On c-completely regular frames

Motivated by definitions of countable completely regular spaces and completely below relations of frames, we define what we call a $c$-completely below relation, denoted by $\prec\!\!\prec_c$, in between two elements of a frame. We show that $a\prec\!\!\prec_c b$ for two elements $a, b$ of a frame $L$ if and only if there is $\alpha\in\mathcal{R}L$ such that $\coz\alpha\wedge a=0$ and $\coz(\alpha-{\bf1})\leq b$ where the set $\{r\in\mathbb{R} : \coz(\alpha-{\bf r})\ne 1\}$ is countable. We say a frame $L$ is a $c$-completely regular frame if $a=\bigvee \limits_{x\prec\!\!\prec_ca}x$ for any $a\in L$. It is shown that a frame $L$ is a $c$-completely regular frame if and only if it is a zero-dimensional frame.

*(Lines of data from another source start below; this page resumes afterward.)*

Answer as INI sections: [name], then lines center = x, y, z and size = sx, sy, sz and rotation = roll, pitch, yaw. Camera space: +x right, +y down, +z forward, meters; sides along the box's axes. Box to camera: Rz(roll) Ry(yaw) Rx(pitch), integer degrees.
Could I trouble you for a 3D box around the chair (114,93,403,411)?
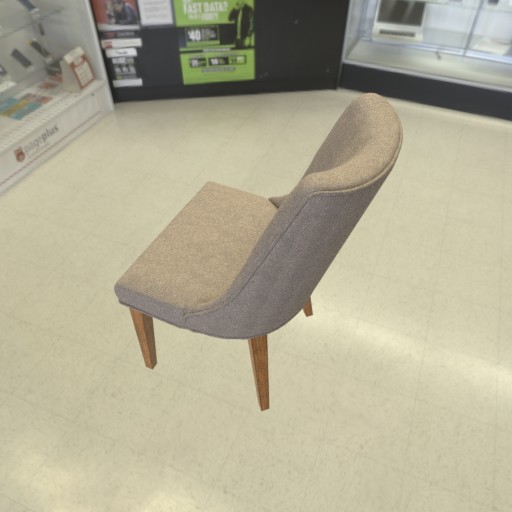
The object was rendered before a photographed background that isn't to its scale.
[chair]
center = 0.000, 0.000, 1.300
size = 0.636, 0.916, 0.548
rotation = 18, 48, 17
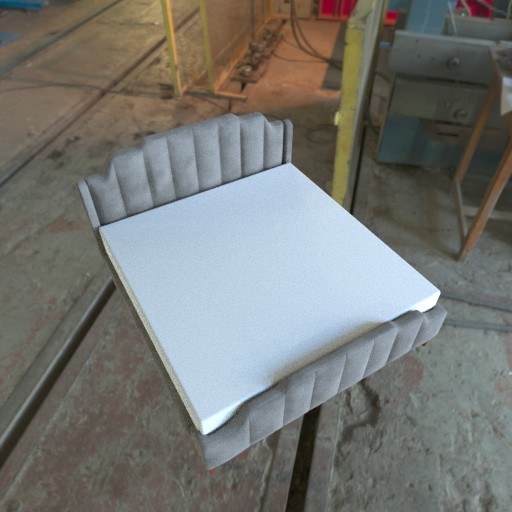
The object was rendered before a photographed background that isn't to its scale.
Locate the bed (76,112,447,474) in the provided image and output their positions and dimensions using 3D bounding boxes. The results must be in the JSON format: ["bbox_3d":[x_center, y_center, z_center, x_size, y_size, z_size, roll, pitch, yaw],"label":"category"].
[{"bbox_3d":[0.000,0.000,3.577,2.074,1.245,2.340,-23,49,-21],"label":"bed"}]
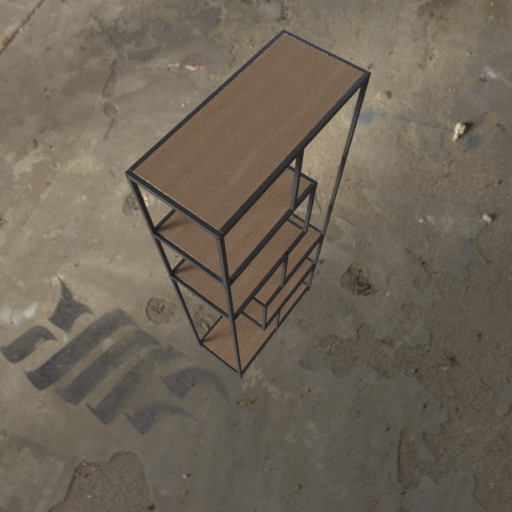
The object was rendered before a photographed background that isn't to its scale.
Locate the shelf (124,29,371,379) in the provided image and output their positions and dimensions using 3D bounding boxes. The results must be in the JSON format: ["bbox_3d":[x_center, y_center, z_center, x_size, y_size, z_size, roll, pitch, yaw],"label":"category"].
[{"bbox_3d":[0.000,0.000,2.166,0.350,1.850,0.770,34,68,16],"label":"shelf"}]
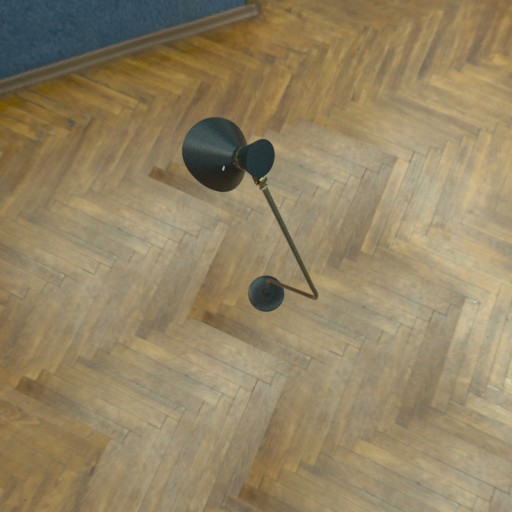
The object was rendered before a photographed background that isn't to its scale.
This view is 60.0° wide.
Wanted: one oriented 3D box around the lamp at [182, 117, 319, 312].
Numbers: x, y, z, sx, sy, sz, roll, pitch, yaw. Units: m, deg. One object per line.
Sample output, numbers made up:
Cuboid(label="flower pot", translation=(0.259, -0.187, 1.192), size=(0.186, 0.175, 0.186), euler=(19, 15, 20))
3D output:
Cuboid(label="lamp", translation=(0.000, 0.000, 1.601), size=(0.277, 1.438, 0.467), euler=(-18, 76, -5))
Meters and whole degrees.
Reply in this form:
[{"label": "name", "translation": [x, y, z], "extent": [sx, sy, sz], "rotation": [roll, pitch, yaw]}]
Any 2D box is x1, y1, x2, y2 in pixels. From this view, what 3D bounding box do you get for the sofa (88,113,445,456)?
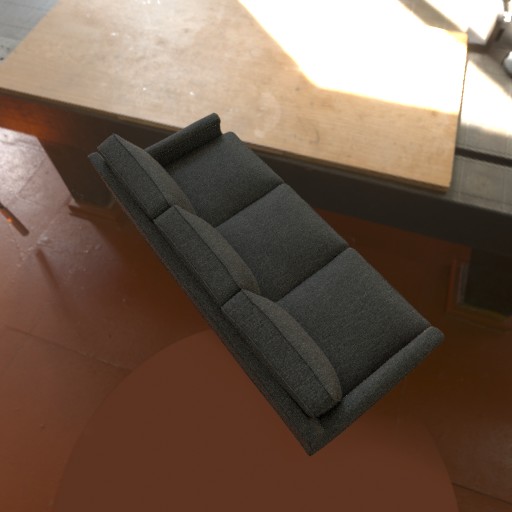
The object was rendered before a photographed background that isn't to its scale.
[{"label": "sofa", "translation": [0.000, 0.000, 2.856], "extent": [1.084, 1.003, 2.246], "rotation": [-34, 65, -18]}]
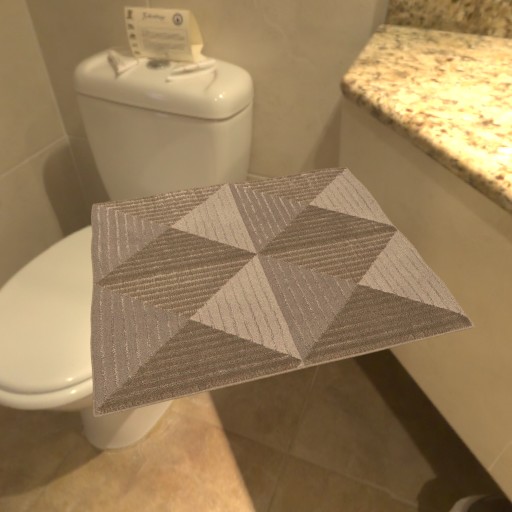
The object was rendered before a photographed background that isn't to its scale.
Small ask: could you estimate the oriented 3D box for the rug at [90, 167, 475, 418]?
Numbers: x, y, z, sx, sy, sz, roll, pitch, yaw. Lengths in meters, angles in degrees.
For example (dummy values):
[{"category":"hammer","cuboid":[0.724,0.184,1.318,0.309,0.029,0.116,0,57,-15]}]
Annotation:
[{"category":"rug","cuboid":[0.000,0.000,0.894,0.642,0.008,0.551,-10,43,-11]}]
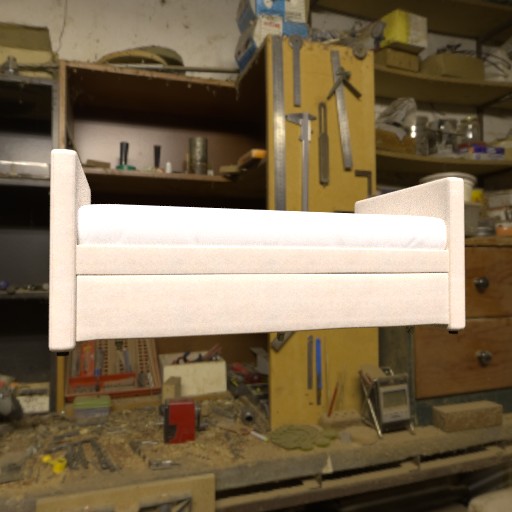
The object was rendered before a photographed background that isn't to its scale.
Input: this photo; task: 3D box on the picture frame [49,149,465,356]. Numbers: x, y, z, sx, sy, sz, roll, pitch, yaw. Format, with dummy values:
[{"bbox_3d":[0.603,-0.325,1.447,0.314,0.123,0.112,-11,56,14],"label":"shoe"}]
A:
[{"bbox_3d":[0.000,0.000,2.697,2.161,0.891,1.069,0,-1,-17],"label":"picture frame"}]
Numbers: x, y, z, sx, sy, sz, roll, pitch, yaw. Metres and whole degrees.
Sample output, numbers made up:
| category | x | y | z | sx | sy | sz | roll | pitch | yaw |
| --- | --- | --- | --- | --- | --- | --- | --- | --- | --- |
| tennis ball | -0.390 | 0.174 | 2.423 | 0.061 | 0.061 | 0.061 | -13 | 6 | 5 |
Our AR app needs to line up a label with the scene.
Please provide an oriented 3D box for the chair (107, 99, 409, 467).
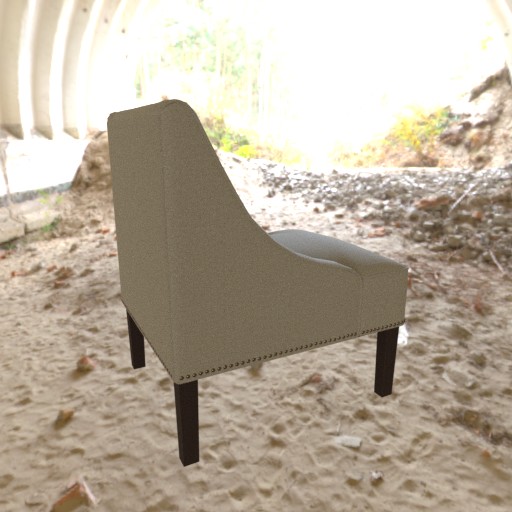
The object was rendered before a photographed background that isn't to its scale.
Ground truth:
| category | x | y | z | sx | sy | sz | roll | pitch | yaw |
| --- | --- | --- | --- | --- | --- | --- | --- | --- | --- |
| chair | 0.000 | 0.000 | 1.381 | 0.737 | 0.864 | 0.610 | -8 | 17 | -27 |
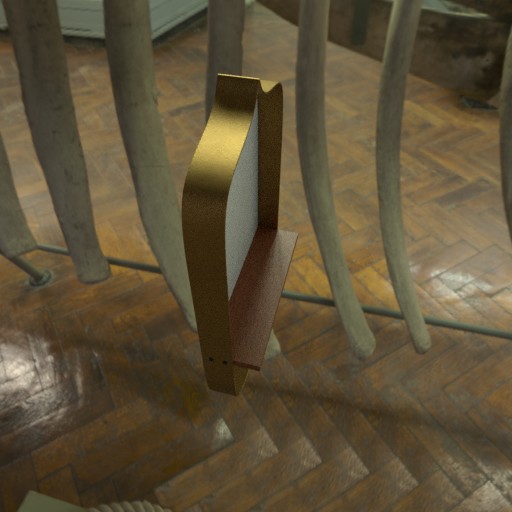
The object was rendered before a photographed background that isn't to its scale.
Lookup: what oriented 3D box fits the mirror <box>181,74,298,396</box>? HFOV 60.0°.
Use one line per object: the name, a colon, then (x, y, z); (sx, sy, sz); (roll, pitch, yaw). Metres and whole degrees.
mirror: (0.000, 0.000, 0.749); (0.096, 0.613, 0.323); (11, 47, 10)
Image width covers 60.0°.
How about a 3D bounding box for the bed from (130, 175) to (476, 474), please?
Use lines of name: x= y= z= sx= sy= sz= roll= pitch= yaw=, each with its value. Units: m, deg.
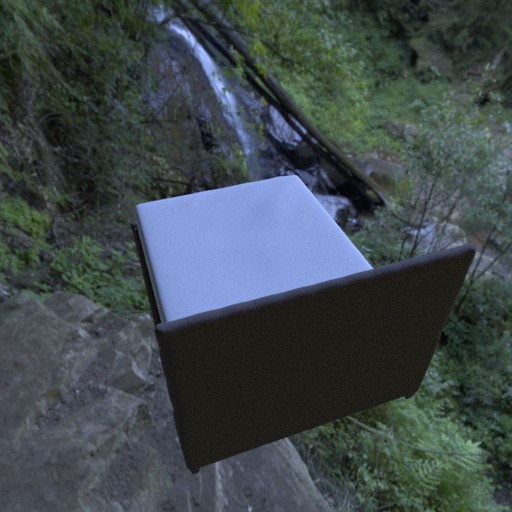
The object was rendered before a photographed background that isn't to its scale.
bed: x=0.000 y=0.000 z=3.329 sx=1.696 sy=1.426 sz=2.233 roll=-13 pitch=43 yaw=-15
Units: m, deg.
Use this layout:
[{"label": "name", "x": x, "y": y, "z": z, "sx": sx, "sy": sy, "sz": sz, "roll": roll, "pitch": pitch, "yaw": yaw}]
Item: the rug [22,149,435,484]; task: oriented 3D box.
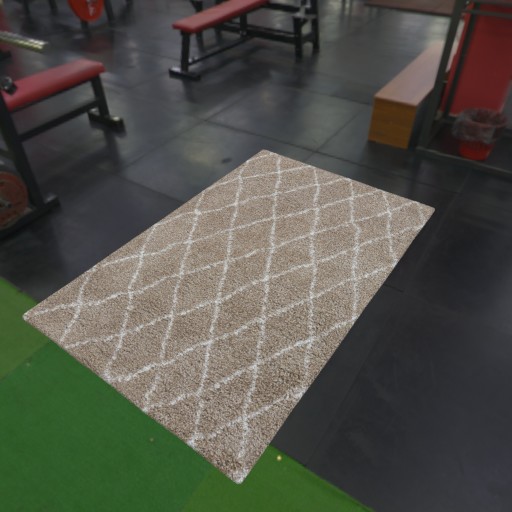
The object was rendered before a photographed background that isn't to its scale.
[{"label": "rug", "x": 0.000, "y": 0.000, "z": 3.314, "sx": 1.778, "sy": 0.030, "sz": 2.743, "roll": 26, "pitch": 48, "yaw": 26}]
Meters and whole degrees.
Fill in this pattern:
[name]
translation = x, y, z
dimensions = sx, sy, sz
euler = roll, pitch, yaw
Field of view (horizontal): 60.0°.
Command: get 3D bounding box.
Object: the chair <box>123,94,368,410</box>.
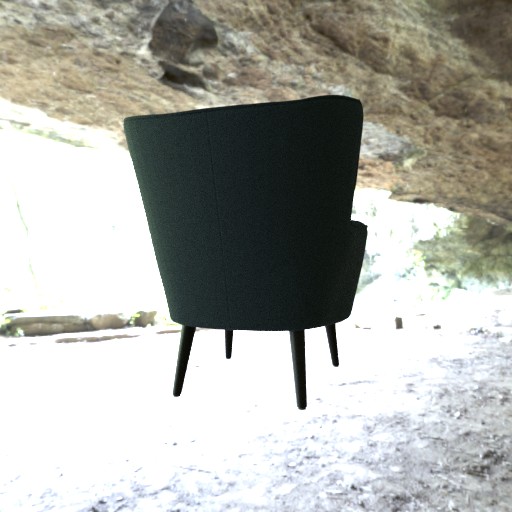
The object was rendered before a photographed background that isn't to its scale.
[chair]
translation = 0.000, 0.000, 1.609
dimensions = 0.781, 0.933, 0.888
euler = 0, 0, 17
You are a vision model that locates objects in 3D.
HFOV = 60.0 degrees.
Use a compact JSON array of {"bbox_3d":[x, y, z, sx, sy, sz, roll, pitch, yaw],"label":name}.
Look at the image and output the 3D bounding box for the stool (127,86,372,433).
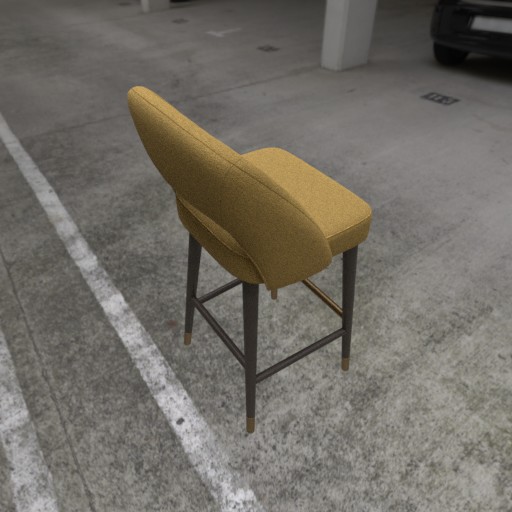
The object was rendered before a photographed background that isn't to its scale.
[{"bbox_3d":[0.000,0.000,1.325,0.522,1.032,0.536,-24,47,-26],"label":"stool"}]
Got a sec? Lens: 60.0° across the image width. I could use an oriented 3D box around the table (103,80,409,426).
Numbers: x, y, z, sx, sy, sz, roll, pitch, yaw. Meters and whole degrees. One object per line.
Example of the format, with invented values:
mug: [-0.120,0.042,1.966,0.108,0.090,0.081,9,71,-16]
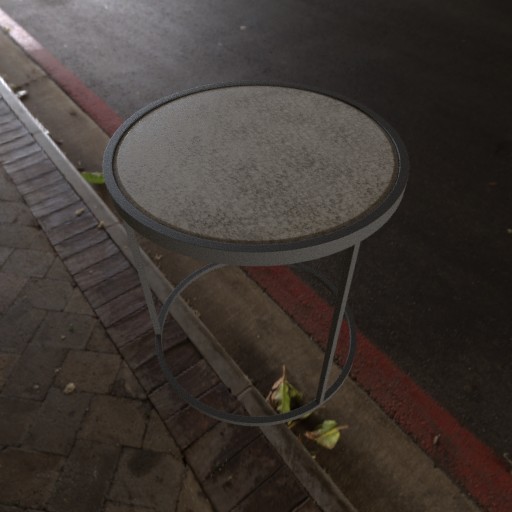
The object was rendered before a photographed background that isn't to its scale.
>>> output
table: [0.000,0.000,0.876,0.470,0.498,0.470,0,46,0]
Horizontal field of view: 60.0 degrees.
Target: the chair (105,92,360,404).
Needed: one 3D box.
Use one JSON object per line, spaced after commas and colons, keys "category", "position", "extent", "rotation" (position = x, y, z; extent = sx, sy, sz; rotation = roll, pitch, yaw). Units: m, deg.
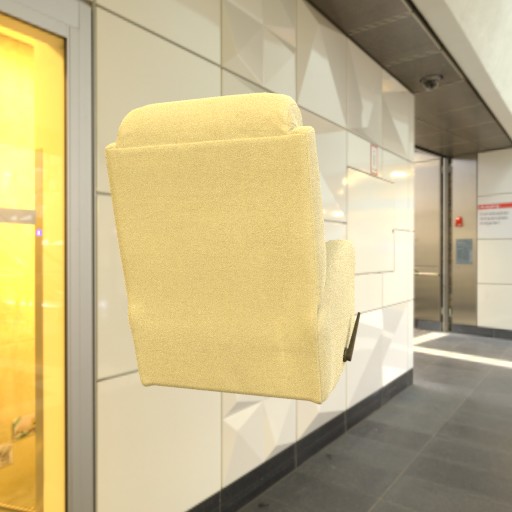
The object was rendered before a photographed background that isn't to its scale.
{"category": "chair", "position": [0.000, 0.000, 1.799], "extent": [0.798, 1.013, 1.043], "rotation": [0, 0, 18]}
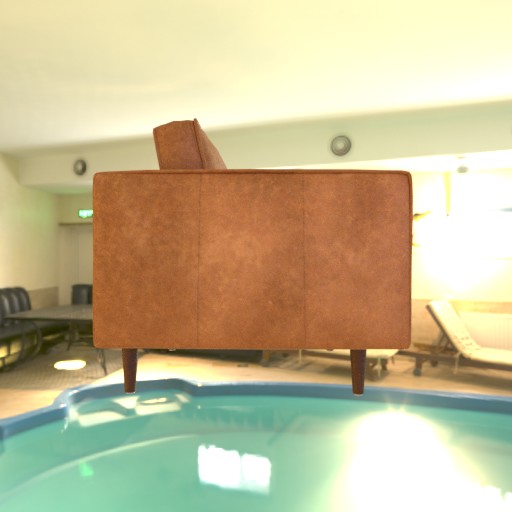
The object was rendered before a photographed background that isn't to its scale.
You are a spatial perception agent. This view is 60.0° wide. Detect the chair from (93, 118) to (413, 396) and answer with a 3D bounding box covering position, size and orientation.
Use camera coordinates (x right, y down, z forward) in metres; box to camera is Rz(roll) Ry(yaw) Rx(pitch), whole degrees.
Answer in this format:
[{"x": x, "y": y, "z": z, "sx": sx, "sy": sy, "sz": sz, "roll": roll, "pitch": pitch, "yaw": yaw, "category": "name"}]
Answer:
[{"x": 0.000, "y": 0.000, "z": 1.515, "sx": 0.798, "sy": 0.767, "sz": 0.928, "roll": 0, "pitch": 0, "yaw": 1, "category": "chair"}]

An ideal $I$ of a frame $L$ is said to be $c$-completely regular if $a\in I$ implies $a\prec\!\!\prec_c b$ for some $b\in I$. The set of all $c$-completely regular ideals of a frame $L$, denoted by ${\mathrm{c-CRegId}}(L)$, is a compact regular frame and it is a compactification for $L$ whenever $it$ is a $c$-completely regular frame. We denote this compactification by $\beta_cL$ and it is isomorphic to the frame $\beta_0L$, that is, Stone-Banaschewski compactification of $L$. Finally, we show that open and closed quotients of a $c$-completely regular frame are $c$-completely regular.